In all the shows, the masks and safety equipment are visible, and we can see the strain on the faces of the actors. Some have makeup depicting wounds on their faces from wearing the masks continuously, again something that evokes a response from me. They are doing their jobs, showing us what it is like inside the hospitals, what people like my sister and other essential workers are going through and have been for almost a year. I have an enormous amount of respect for the essential workers, who are doing more than just their jobs, they are separating from their families to keep them from catching this virus. With only their colleagues as their companions for them, day in and day out, it would be an extra strain on them on top of everything else.

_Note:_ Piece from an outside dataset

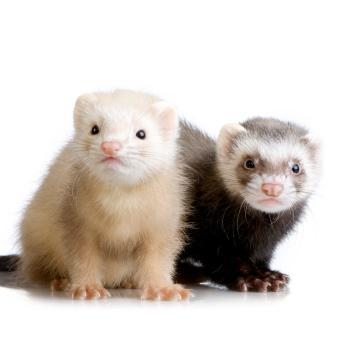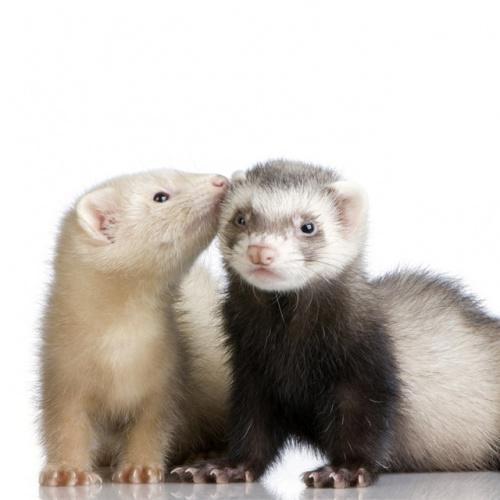The first image is the image on the left, the second image is the image on the right. For the images displayed, is the sentence "The left image contains more ferrets than the right image." factually correct? Answer yes or no. No.

Something I have not seen yet in much of these shows is the effect of people not getting the medical treatment they need because of the world holding its collective breath as we fight this disease. It is something I have seen in my small province, and I have also heard of this happening to other people who live far away. It is a subject that I feel strongly about. There are people who live here without a family doctor, and the walk-in clinics are overrun with people who need to see a doctor. It has been an issue since I moved here, almost 20 years ago. A family doctor can keep your medical history and is important to have, especially for chronic conditions. People have been turned away or sent home from the hospital without getting the support they need, whether it is for mental or physical health issues even before the pandemic. Our healthcare system is one of the best in the world, but it is not perfect and this is something that needs to change for the better.
I remember when the pandemic was just another game to play on game night. I miss game nights, and the friends we used to hang out with playing board games. We had been getting together less frequently over the last few years, growing older and becoming more responsible and well, Covid-19 caused a complete halt to game nights for about a year now. With a vaccine coming out, I have hope that it will be something to resume again when it isn’t weird to be around people like we did before March 2020.